__RECORDS TO PROCESS__:
↓↓↓

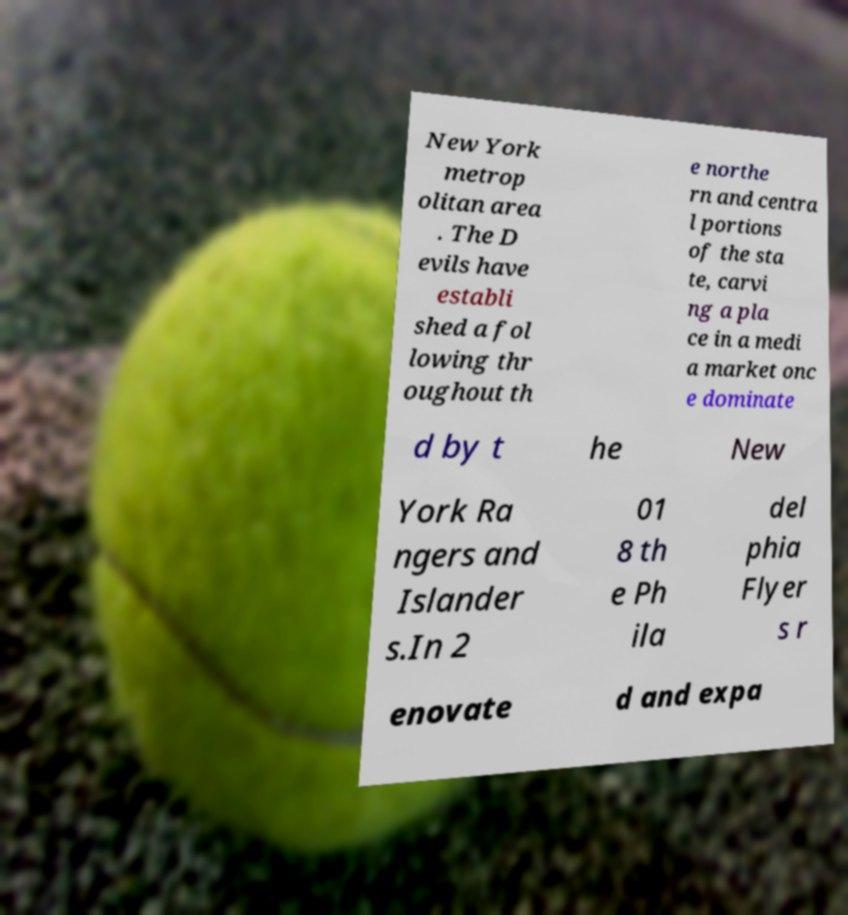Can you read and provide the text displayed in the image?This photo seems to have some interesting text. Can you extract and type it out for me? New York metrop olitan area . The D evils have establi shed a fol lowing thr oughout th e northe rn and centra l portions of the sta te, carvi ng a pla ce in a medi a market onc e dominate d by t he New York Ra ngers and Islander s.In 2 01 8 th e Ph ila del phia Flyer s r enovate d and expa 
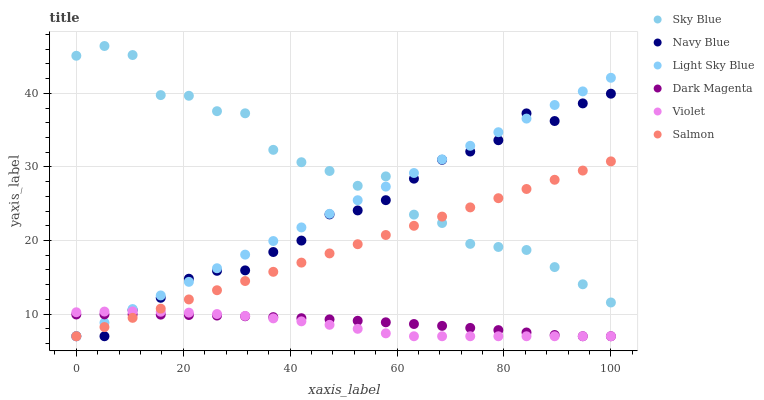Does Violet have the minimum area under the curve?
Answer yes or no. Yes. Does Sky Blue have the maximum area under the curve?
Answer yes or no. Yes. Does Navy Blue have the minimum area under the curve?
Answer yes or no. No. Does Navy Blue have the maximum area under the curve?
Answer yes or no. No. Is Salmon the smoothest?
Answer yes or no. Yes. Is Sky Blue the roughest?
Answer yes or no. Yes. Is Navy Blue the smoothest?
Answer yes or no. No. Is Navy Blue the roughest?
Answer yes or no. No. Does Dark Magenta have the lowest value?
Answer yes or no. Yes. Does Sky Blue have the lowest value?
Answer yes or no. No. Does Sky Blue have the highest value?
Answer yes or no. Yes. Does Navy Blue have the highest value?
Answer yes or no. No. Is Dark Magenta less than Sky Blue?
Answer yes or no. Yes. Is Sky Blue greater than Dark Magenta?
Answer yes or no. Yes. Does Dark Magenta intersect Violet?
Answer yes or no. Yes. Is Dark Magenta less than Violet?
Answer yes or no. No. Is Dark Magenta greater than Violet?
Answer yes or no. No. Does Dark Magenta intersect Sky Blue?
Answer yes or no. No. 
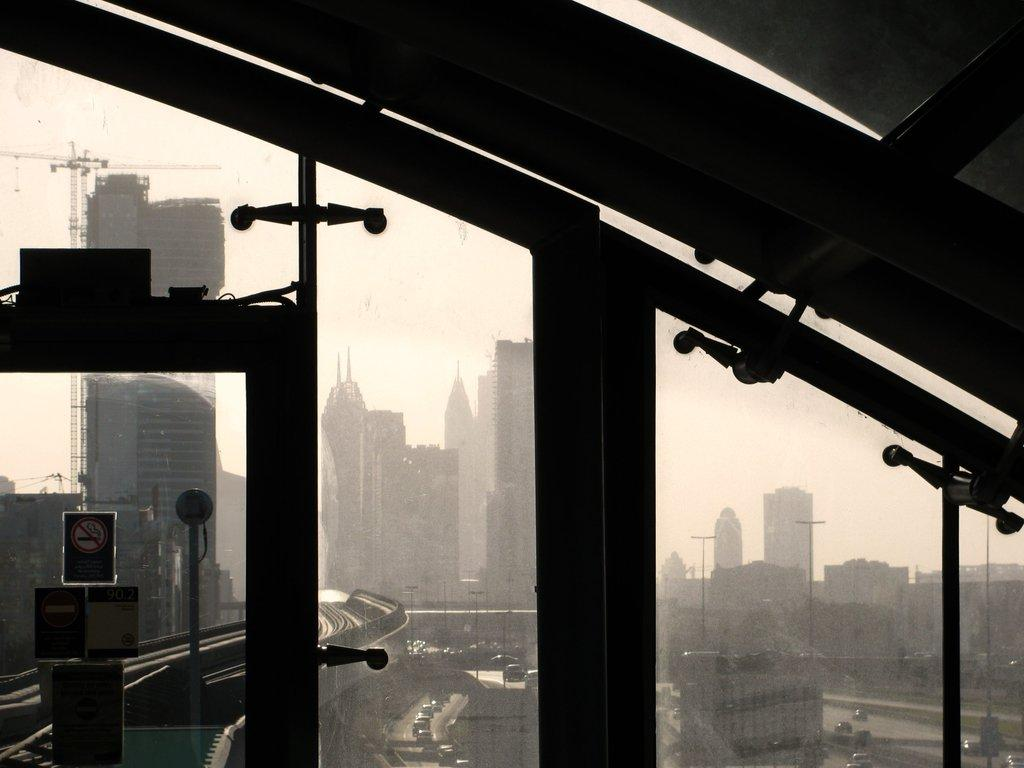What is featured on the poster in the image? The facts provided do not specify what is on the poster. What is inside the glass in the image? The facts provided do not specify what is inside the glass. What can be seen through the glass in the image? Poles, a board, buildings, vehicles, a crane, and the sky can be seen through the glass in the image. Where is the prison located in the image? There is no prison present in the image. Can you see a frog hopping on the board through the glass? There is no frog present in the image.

↑↑↑

__TASK STATEMENT__:
Return the data exactly. Do not carry over any images.

__ANSWER TO THIS TASK__:
Can you read and provide the text displayed in the image?This photo seems to have some interesting text. Can you extract and type it out for me? New York metrop olitan area . The D evils have establi shed a fol lowing thr oughout th e northe rn and centra l portions of the sta te, carvi ng a pla ce in a medi a market onc e dominate d by t he New York Ra ngers and Islander s.In 2 01 8 th e Ph ila del phia Flyer s r enovate d and expa 
Does Violet have the minimum area under the curve?
Answer yes or no. Yes. Does Sky Blue have the maximum area under the curve?
Answer yes or no. Yes. Does Navy Blue have the minimum area under the curve?
Answer yes or no. No. Does Navy Blue have the maximum area under the curve?
Answer yes or no. No. Is Salmon the smoothest?
Answer yes or no. Yes. Is Sky Blue the roughest?
Answer yes or no. Yes. Is Navy Blue the smoothest?
Answer yes or no. No. Is Navy Blue the roughest?
Answer yes or no. No. Does Dark Magenta have the lowest value?
Answer yes or no. Yes. Does Sky Blue have the lowest value?
Answer yes or no. No. Does Sky Blue have the highest value?
Answer yes or no. Yes. Does Navy Blue have the highest value?
Answer yes or no. No. Is Dark Magenta less than Sky Blue?
Answer yes or no. Yes. Is Sky Blue greater than Dark Magenta?
Answer yes or no. Yes. Does Dark Magenta intersect Violet?
Answer yes or no. Yes. Is Dark Magenta less than Violet?
Answer yes or no. No. Is Dark Magenta greater than Violet?
Answer yes or no. No. Does Dark Magenta intersect Sky Blue?
Answer yes or no. No. 
What is featured on the poster in the image? The facts provided do not specify what is on the poster. What is inside the glass in the image? The facts provided do not specify what is inside the glass. What can be seen through the glass in the image? Poles, a board, buildings, vehicles, a crane, and the sky can be seen through the glass in the image. Where is the prison located in the image? There is no prison present in the image. Can you see a frog hopping on the board through the glass? There is no frog present in the image.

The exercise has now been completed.